LLMs Can Get "Brain Rot"!
- URL: http://arxiv.org/abs/2510.13928v1
- Date: Wed, 15 Oct 2025 13:28:49 GMT
- Title: LLMs Can Get "Brain Rot"!
- Authors: Shuo Xing, Junyuan Hong, Yifan Wang, Runjin Chen, Zhenyu Zhang, Ananth Grama, Zhengzhong Tu, Zhangyang Wang,
- Abstract summary: Continual exposure to junk web text induces lasting cognitive decline in large language models (LLMs)<n>We run controlled experiments on real Twitter/X corpora, constructing junk and reversely controlled datasets.<n>Results provide significant, multi-perspective evidence that data quality is a causal driver of LLM capability decay.

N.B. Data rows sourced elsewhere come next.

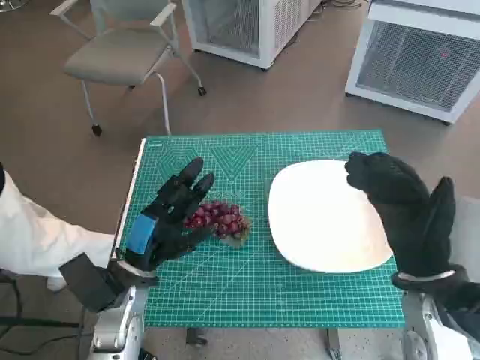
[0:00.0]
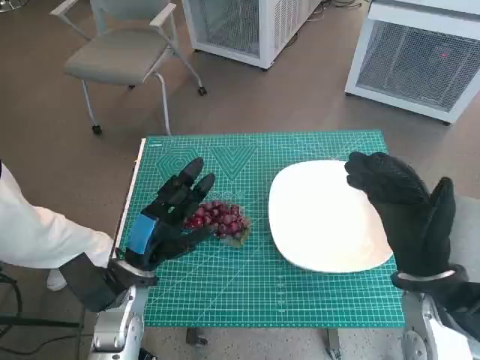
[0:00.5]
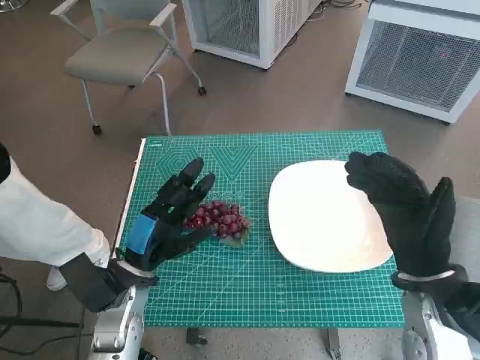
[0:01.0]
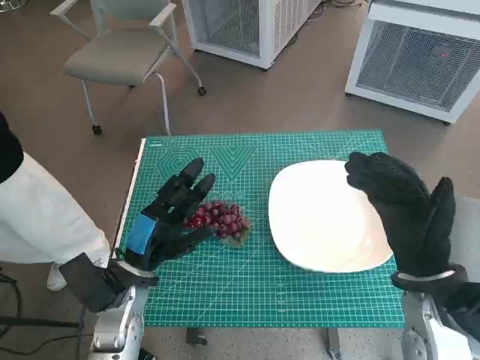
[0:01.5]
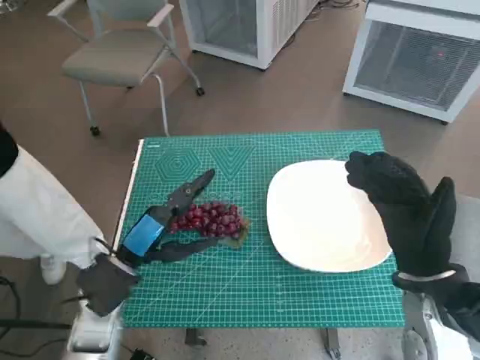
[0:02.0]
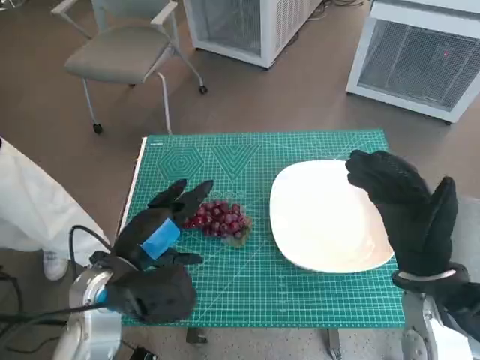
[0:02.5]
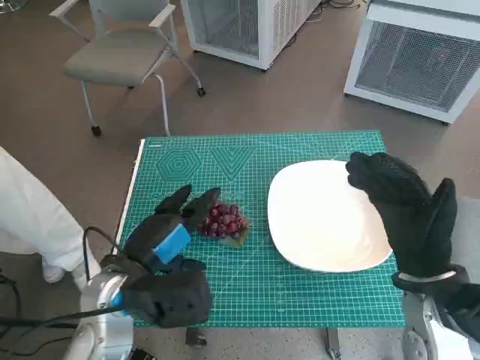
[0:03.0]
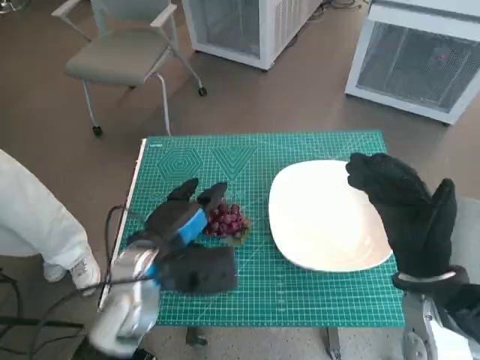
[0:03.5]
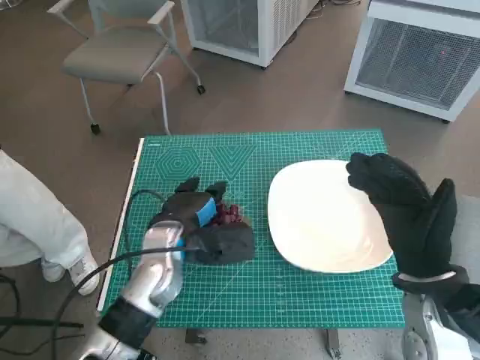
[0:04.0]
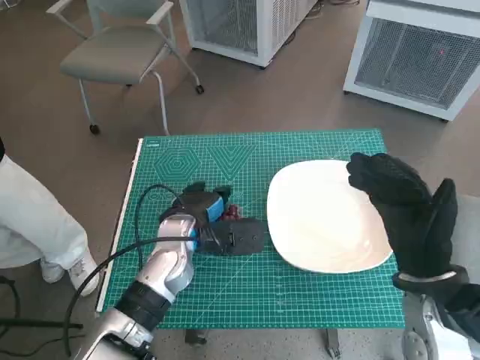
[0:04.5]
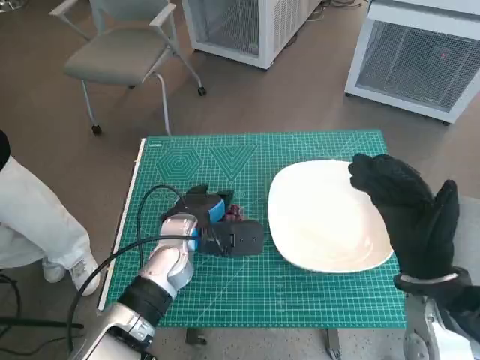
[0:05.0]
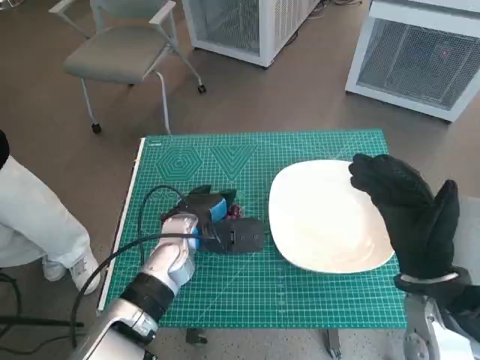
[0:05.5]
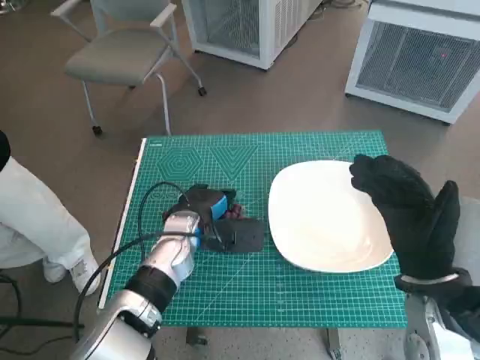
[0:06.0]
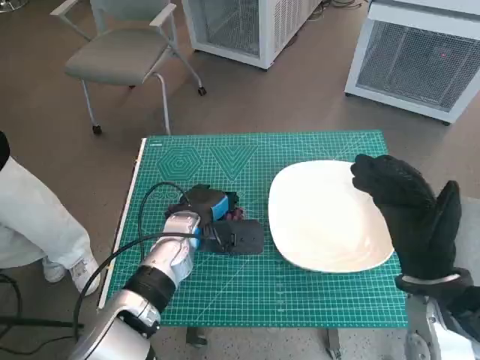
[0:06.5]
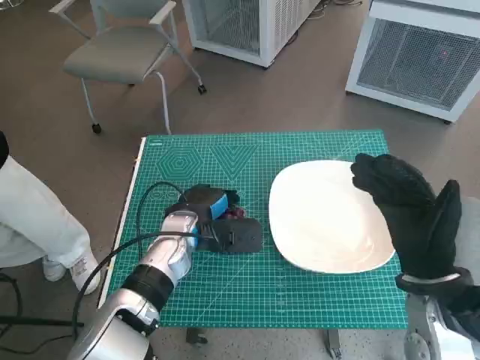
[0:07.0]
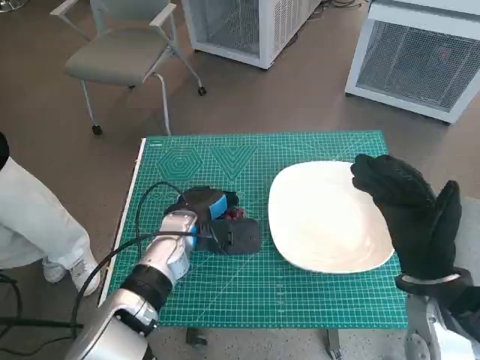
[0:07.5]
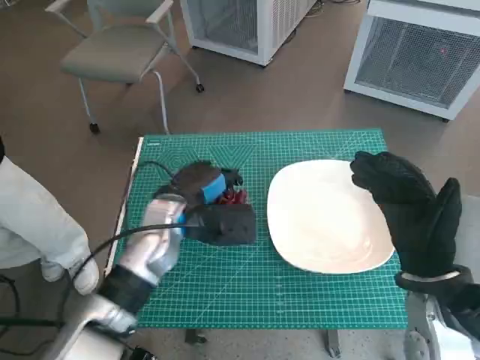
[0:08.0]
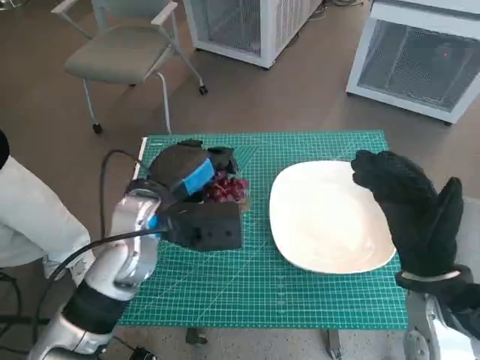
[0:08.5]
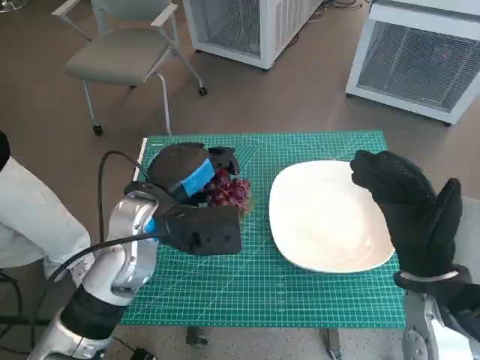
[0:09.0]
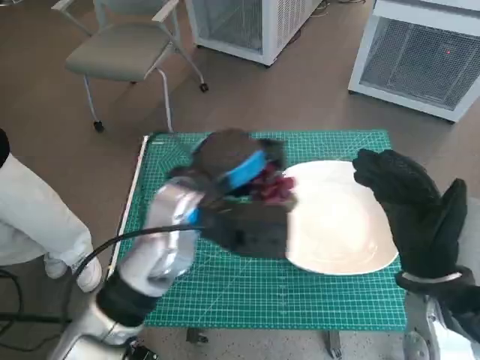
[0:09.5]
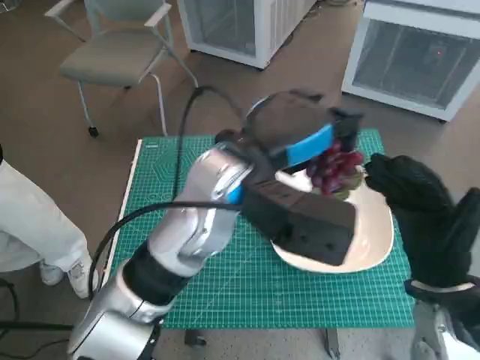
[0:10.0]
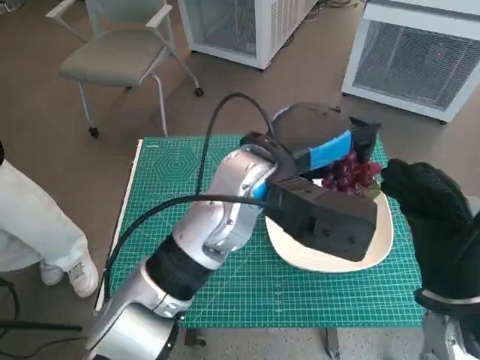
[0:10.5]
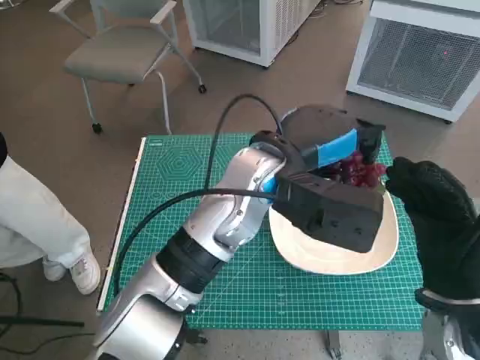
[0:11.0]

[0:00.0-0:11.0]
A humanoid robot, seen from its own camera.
Task of the whole recording: Pick up the grapes and put them on the plate.
Step, 0:00.0 to 0:07.0: Grasp the grapes with left hand.
0:02.0 to 0:03.5: The left hand travels to the right by roughly 5 cm.
0:03.5 to 0:05.5: The left hand goes roughly 10 cm forward.
0:05.5 to 0:07.5: The hands make only small movements.
0:07.5 to 0:09.0: The left hand goes approximately 10 cm upward.
0:09.0 to 0:11.0: The left hand moves to the right and upward, some 15 cm.

- Score: 68.08198331505695
- License: http://arxiv.org/licenses/nonexclusive-distrib/1.0/
- Abstract: We propose and test the LLM Brain Rot Hypothesis: continual exposure to junk web text induces lasting cognitive decline in large language models (LLMs). To causally isolate data quality, we run controlled experiments on real Twitter/X corpora, constructing junk and reversely controlled datasets via two orthogonal operationalizations: M1 (engagement degree) and M2 (semantic quality), with matched token scale and training operations across conditions. Contrary to the control group, continual pre-training of 4 LLMs on the junk dataset causes non-trivial declines (Hedges' $g>0.3$) on reasoning, long-context understanding, safety, and inflating "dark traits" (e.g., psychopathy, narcissism). The gradual mixtures of junk and control datasets also yield dose-response cognition decay: for example, under M1, ARC-Challenge with Chain Of Thoughts drops $74.9 \rightarrow 57.2$ and RULER-CWE $84.4 \rightarrow 52.3$ as junk ratio rises from $0\%$ to $100\%$. Error forensics reveal several key insights. First, we identify thought-skipping as the primary lesion: models increasingly truncate or skip reasoning chains, explaining most of the error growth. Second, partial but incomplete healing is observed: scaling instruction tuning and clean data pre-training improve the declined cognition yet cannot restore baseline capability, suggesting persistent representational drift rather than format mismatch. Finally, we discover that the popularity, a non-semantic metric, of a tweet is a better indicator of the Brain Rot effect than the length in M1. Together, the results provide significant, multi-perspective evidence that data quality is a causal driver of LLM capability decay, reframing curation for continual pretraining as a \textit{training-time safety} problem and motivating routine "cognitive health checks" for deployed LLMs.